A micelle—the lipophilic tails of the surfactant molecules remain on the inside of the
micelle due to unfavourable interactions. The polar "heads" of the micelle, due to favourable
interactions with water, form a hydrophilic outer layer that in effect protects the hydrophobic
core of the micelle. The compounds that make up a micelle are typically amphiphilic in nature,
meaning that not only are micelles soluble in protic solvents such as water but also in aprotic
solvents as a reverse micelle.
Surfactants reduce the surface tension of water by adsorbing at the liquid-gas interface.
They also reduce the interfacial tension between oil and water by adsorbing at the
liquid-liquid interface. Many surfactants can also assemble in the bulk solution into
aggregates. Examples of such aggregates are vesicles and micelles.

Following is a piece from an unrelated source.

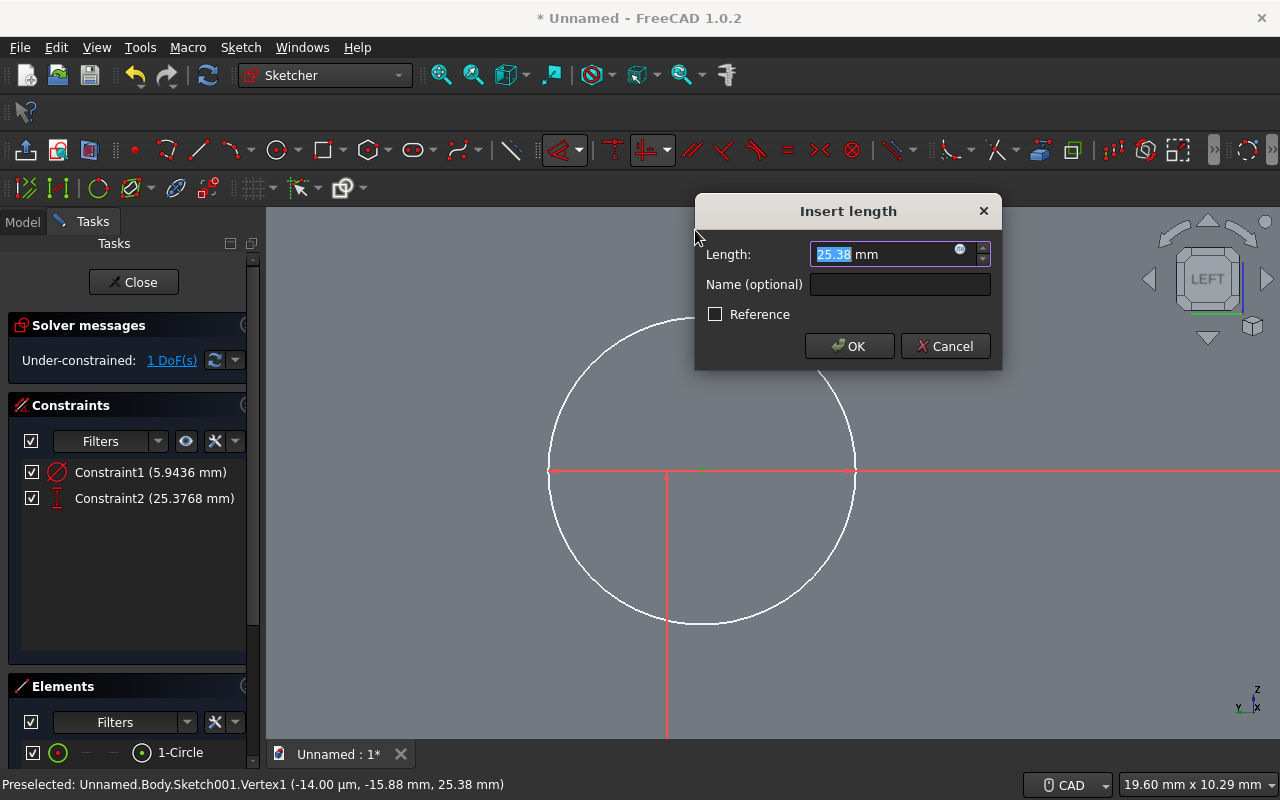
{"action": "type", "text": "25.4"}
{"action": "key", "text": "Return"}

The concentration at
which surfactants begin to form micelles is known as the critical micelle concentration
(CMC). When micelles form in water, their tails form a core that can encapsulate an oil
droplet, and their (ionic/polar) heads form an outer shell that maintains favorable
contact with water. When surfactants assemble in oil, the aggregate is referred to as
a reverse micelle. In a reverse micelle, the heads are in the core and the tails maintain
favorable contact with oil. Surfactants are also often classified into four primary groups;
anionic, cationic, non-ionic, and zwitterionic (dual charge).

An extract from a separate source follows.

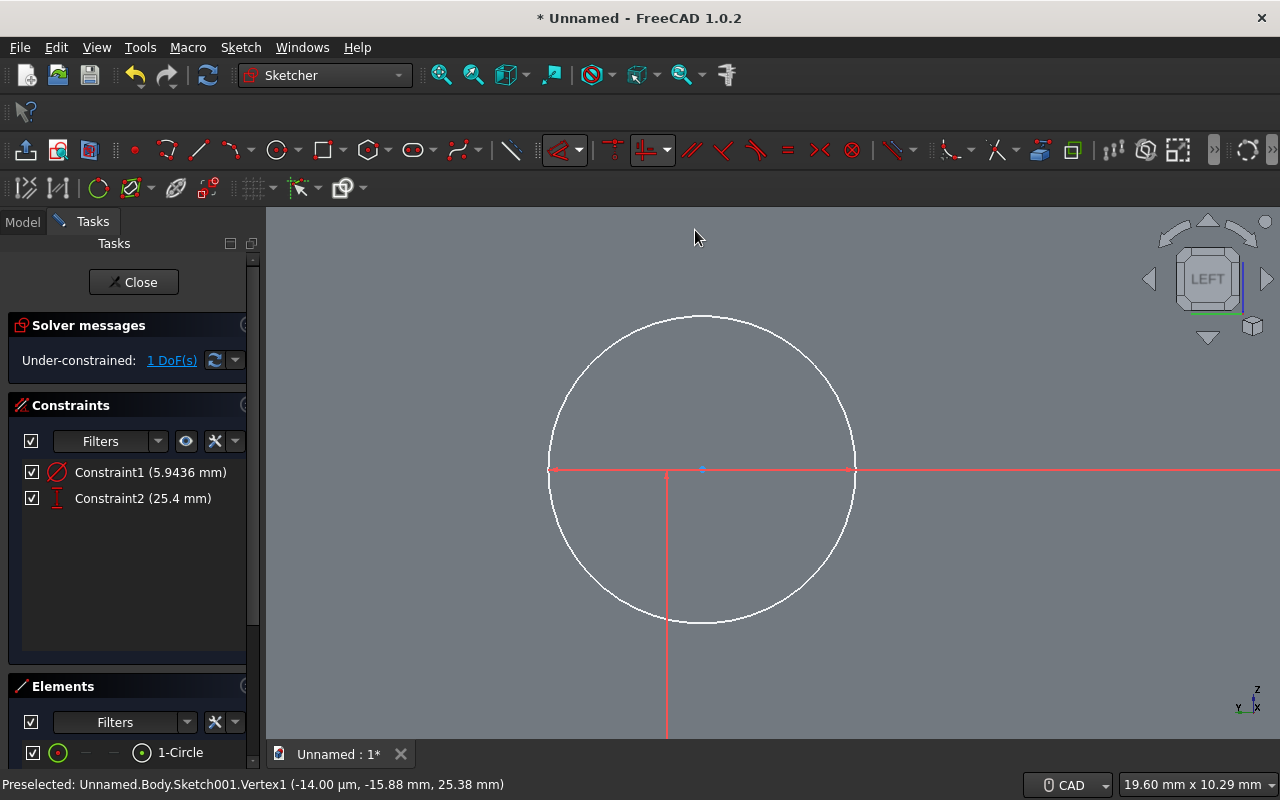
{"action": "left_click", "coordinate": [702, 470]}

Thermodynamics of the surfactant systems are of great importance, theoretically and
practically. This is because surfactant systems represent systems between ordered and
disordered states of matter. Surfactant solutions may contain an ordered phase (micelles)
and a disordered phase (free surfactant molecules and/or ions in the solution).
Ordinary washing up (dishwashing) detergent, for example, will promote water penetration
in soil, but the effect would only last a few days (many standard laundry detergent powders
contain levels of chemicals such as alkali and chelating agents, which can be damaging to
plants and should not be applied to soils). Commercial soil wetting agents will continue
to work for a considerable period, but they will eventually be degraded by soil micro-organisms.
Some can, however, interfere with the life-cycles of some aquatic organisms, so care should be
taken to prevent run-off of these products into streams, and excess product should not be washed down.